Brute force and ignorance

My experiment with coding with an agent continues, and from the point of view of the usability of the results, I'd say it's going well. From the point of view of learning more about this sort of tool and the pitfalls: I'd also say it's going well.

The one thing I'm really starting to get an appreciation for is just how much it employs a sort of brute force and ignorance approach to getting to a solution for some sort of problem. I noticed this on and off as I watched the agent's chat, as it worked away.

One example I enjoyed was when it was trying to add a new dependency to BlogMore. For reasons I should probably try and understand¹ it knew it should be using uv to add a dependency and it knew how to use it to update the lock file, but it didn't have uv to hand:

The lock file (uv.lock) needs to be updated to include rcssmin. Since uv isn't available, I'll need to note this in the PR. The lock file should be generated by uv when the pyproject.toml is updated.

So it decided the best solution was probably to... "hand-edit" the lock file.

The lock file needs to be updated with rcssmin. Since uv is not available in this environment, I need to update it manually or find another way.
I need to update the uv.lock file to include rcssmin. The uv.lock file needs to include:
The rcssmin package entry with hashes
The rcssmin dependency in the blogmore package section
Let me look at the PyPI page for rcssmin 1.2.2 to get the hash.

It then grabs rcssmin from PyPI and checks out the information it wants; after which it goes:

I need to update the uv.lock file with the rcssmin package information.
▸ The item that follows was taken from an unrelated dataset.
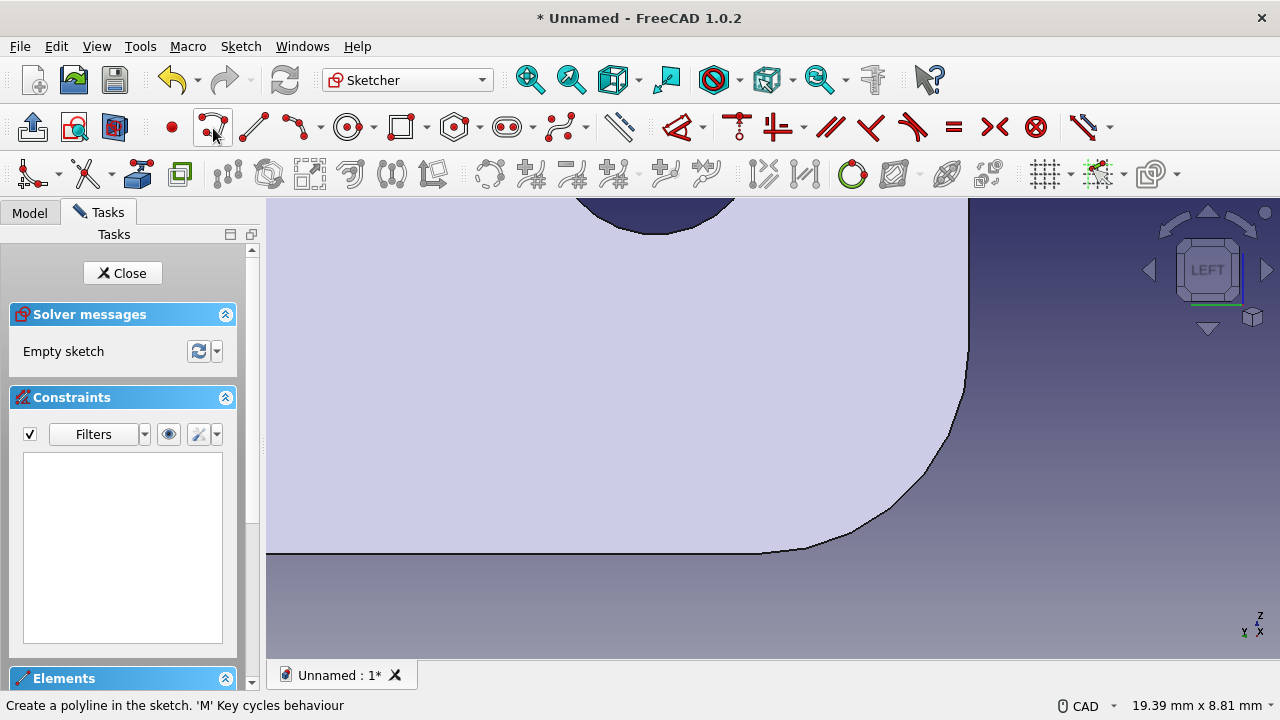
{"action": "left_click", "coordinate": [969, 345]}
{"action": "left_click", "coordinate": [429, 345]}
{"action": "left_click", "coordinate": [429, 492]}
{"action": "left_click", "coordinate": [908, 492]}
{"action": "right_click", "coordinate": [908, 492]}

The uv.lock file uses SHA256 hashes. Let me look at the existing format in more detail to understand what I need to add, and then I'll query PyPI for the hashes.
Actually, let me think about this differently. The uv.lock file is a generated file, and updating it manually is error-prone. The proper way to update it is to run uv sync or uv lock. Since uv is not available in this environment, I have two options:
Let the CI update the lock file (risky if CI fails on the locked version)

So... around this point it has some sort of plan for hand-patching the lock file, but also recognises that this is a dodgy approach and it should be using uv to update the lock file.

I also really like the part where it says it has two options, then goes on to provide an exhaustive list of... one.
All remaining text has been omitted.